Reform MP Richard Tice said: ‘This is the Everest of hypocrisy. Public sector servants have wasted millions of pounds on a glorified Net Zero holiday. I could understand 30 or 40 people going but ten times that is absolutely absurd.’

As well as Sir Keir, David Lammy and Ed Milliband, junior ministers Kerry McCarthy, Douglas Alexander, Mary Creagh and Anneliese Dodds were due to attend, along with Gillian Martin, an acting minister in the Scottish Government. The biggest Whitehall department represented is Miliband’s, with 118 delegates. The Foreign Office registered 79 officials and No 10 registered 32.

The delegates included Ben Barnett, the Prime Minister’s ‘content designer and videographer’, and Isaac Mayne, who is the ‘head of creative’ at the Foreign Office. Both produce slick promotional films for the Government. Also on the list was Downing Street’s chief photographer Simon Dawson and head of broadcast Calum Masters.

Even the UK Space Agency registered three delegates, while two officials were due to attend from NHS England and three from the Department of Health.

Labour MPs Liam Byrne and Barry Gardiner have attended, along with the SNP’s Chris Law and Lib Dem Pippa Heyling.

Yet last week a number of senior global figures and environmental experts, including former UN Secretary General Ban-Ki Moon, said the COP process was ‘no longer fit for purpose’.

The MoS can reveal that some of the British officials stayed at the Qafqaz Baku City Hotel, where an executive suite this weekend cost almost £800 a night. Even a standard double room is almost £400.

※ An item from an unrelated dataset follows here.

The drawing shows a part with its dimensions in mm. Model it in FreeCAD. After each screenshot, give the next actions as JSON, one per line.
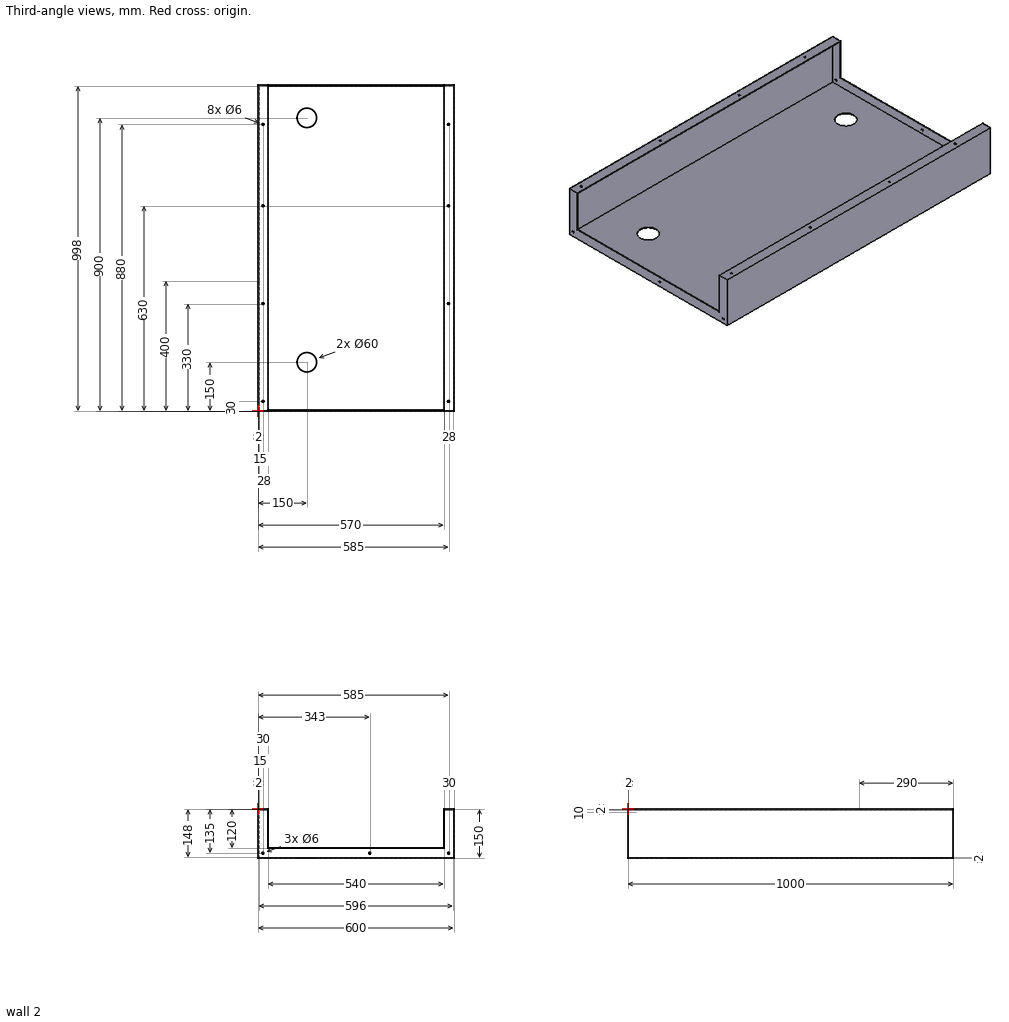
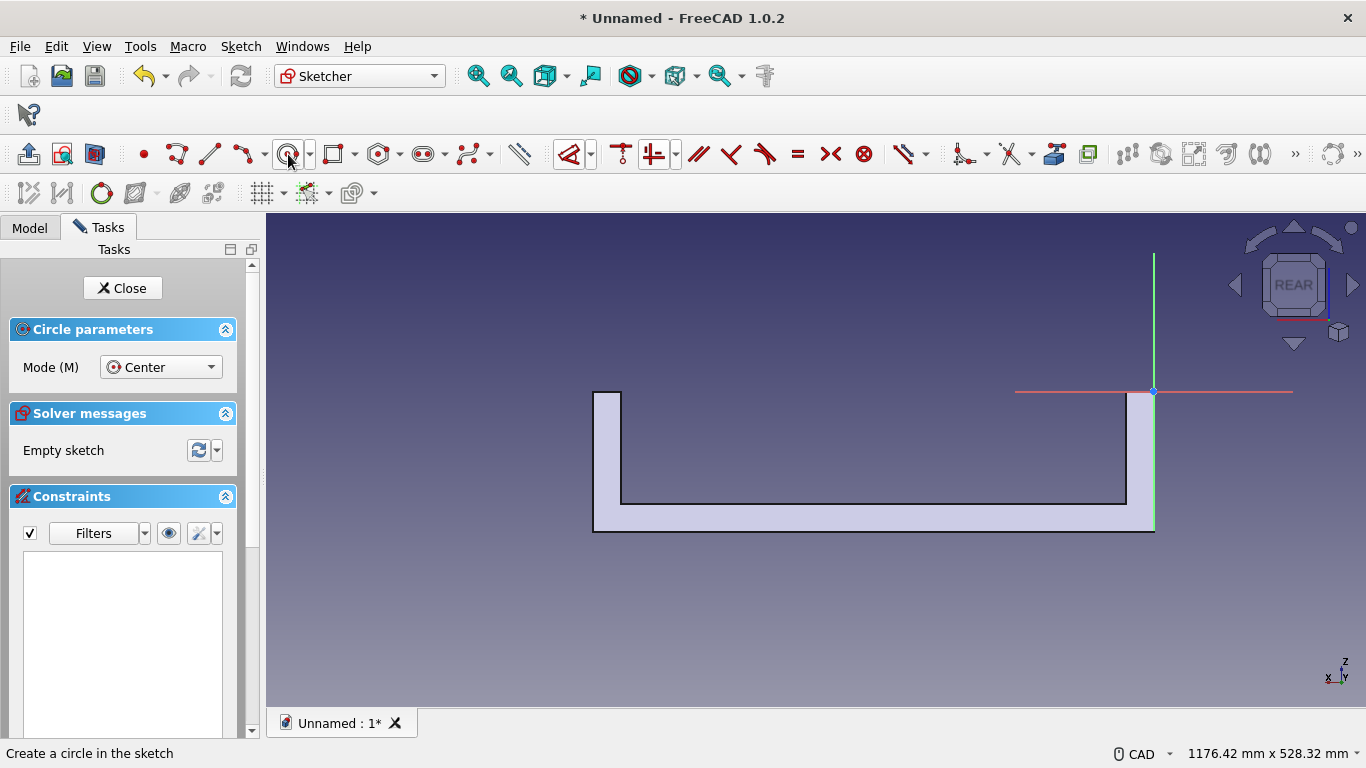
{"action": "scroll", "coordinate": [1140, 518], "scroll_direction": "up", "scroll_amount": 11}

Meanwhile, online reports last week claimed Baku’s fish markets had run out of caviar, which costs up to £63 an ounce, because of the summit. John Patterson, chairman of the British Chamber of Commerce in Azerbaijan, was yesterday pictured on Instagram tucking into the delicacy at a stand hosted by an Azerbaijan investment firm.

A total of 66,778 delegates are expected in Baku, a huge jump on the 16,000 who travelled to Bonn, Germany, for COP23 in 2017.

This year’s talks, which are due to finish next Sunday, started with controversy when Azerbaijan’s president, Ilham Aliyev, declared fossil fuels ‘a gift from God’. And the country’s deputy energy minister was secretly filmed promoting oil and gas deals on the sidelines.

Data from flight tracking website FlightRadar24 revealed that 65 private jets landed in Baku in the days before the summit kicked off – more than twice as many as in the same week last year.

A UK Government spokesperson said last night: ‘Through our mission to become a clean energy superpower, we will protect bill payers and boost the UK’s energy independence.

‘It is in Britain’s national interest to attend these summits. Any carbon footprint is dwarfed by the carbon prize of delivering our agenda.’